Taissumani: 2008-12-12

By Kenn Harper

Much has been written in the last few weeks about the mercy killings of 600 narwhal near Pond Inlet. Generally – and surprisingly – most of the southern media understood the situation and realized that the whales were doomed to die anyway as the patches of water in which they were entrapped became smaller and smaller and eventually froze over.

Of course, the lunatic fringe of animal rights activism condemned the cull as barbaric and the Inuit hunters as murderers. People with such closed minds will never be convinced that hunting has any place in modern society and are best ignored.

History shows that the narwhal population is very resilient. Research done some years ago by Randall Reeves and Edward Mitchell concluded that the decade from 1915 to 1924 was likely the period when the Baffin Bay – Davis Strait narwhal stock faced its greatest depletion, in part from exploitation by a British free trader, Henry Toke Munn, but also because of natural causes – including several large entrapments in the ice, similar to what happened recently.

Inuit refer to the whales caught in these entrapments as "sikujjausimajut" – literally, "those trapped in the ice." In the scientific literature, the phenomenon is usually referred to by the Greenlandic term, savssat (spelled in the old Greenlandic orthography.)

The recent hunt near Pond Inlet was mild by comparison with other historic hunts. Without providing details, Reeves and Mitchell stated, "We have reason to believe that during the ensuing decade [after 1915] two savssat hunts accounted for more than 3,000 killed narwhals."

A savssat (to continue with the Greenlandic term) usually occurs when the weather turns abruptly cold and ice forms quickly, trapping the whales in small areas of open water. They are then unable to swim under the miles of ice that separate them from the open sea.

Perhaps the most famous and well-described of all narwhal entrapments (at least until now) happened in Disko Bay, Greenland, in the severe winter of 1914-15. Morten Porsild, Director of the Danish Arctic Station at Godhavn, witnessed the events that happened there in February when two savssats formed. Porsild estimated that over 1,000 animals were killed.

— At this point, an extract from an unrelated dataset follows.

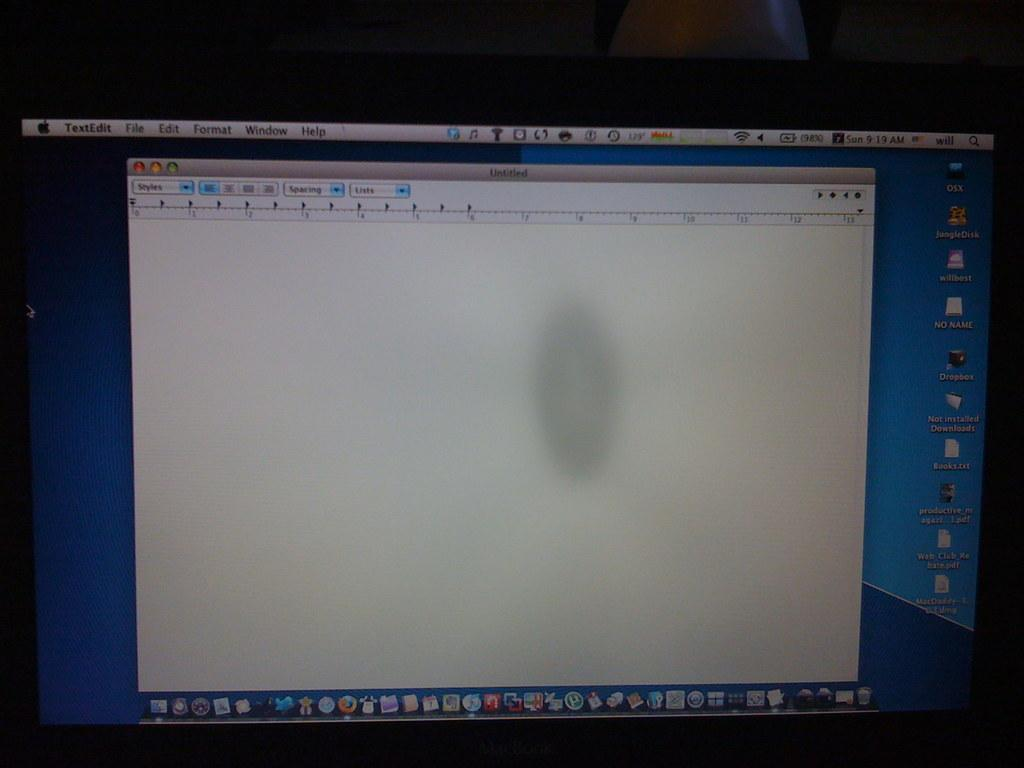<image>
Offer a succinct explanation of the picture presented. A dim photo of a mac monitor showing a blank text edit document at 9:19 am.

Small savssats were not uncommon in Disko Bay. But these were large and news of them spread quickly and attracted hunters from far and wide, many inexperienced in this method of hunting.

The first savssat was a number of holes kept open by the narwhals in a belt of thin ice about 200 yards wide and six miles long. Porsild left a graphic description of the methods employed by the more skilled hunters:

"Every man placed himself astride a hole with his rifle loaded, awaited calmly the arrival of a school, shot one of the animals – if possible a male with a tusk – and harpooned it immediately after the shot; or, if he were exceptionally clever, he simply seized the animal by its nostrils or by one of the flippers. He then enlarged the hole, pulled his prey up, and proceeded with the flensing."

It was important that the animal be cut up while it still retained its body heat. Otherwise the carcass would quickly freeze and the task of cutting it up would require saws and axes and take much more time.

"By this procedure," reported Porsild, "the cleverest and coolest of the hunters got up to seven animals a day without leaving the spot first chosen. Others, less experienced, were not so methodical; running bewildered from one hole to another, they got as a rule nothing of their own, but had at last to content themselves with assisting others in dragging up their prey."

And some hunters, it must be said – and Porsild said it – were totally irresponsible, cutting the tusk from the dead whale and letting the carcass sink. One young hunter killed five large males in one day, taking only the tusks. "His profit for that day's work," wrote Porsild, "amounted to five months' wages of a day labourer in Greenland."

By comparison, then, the recent narwhal harvest near Pond Inlet was well managed by the Inuit themselves. They recognize these occurrences as natural. Although a tragedy for the whales, they are a godsend to the hunters who know full well that the whales are doomed to death anyway, through starvation or suffocation. Better to kill them as humanely as possible for their value in food and trade. Of course bleeding-heart bigots will never agree.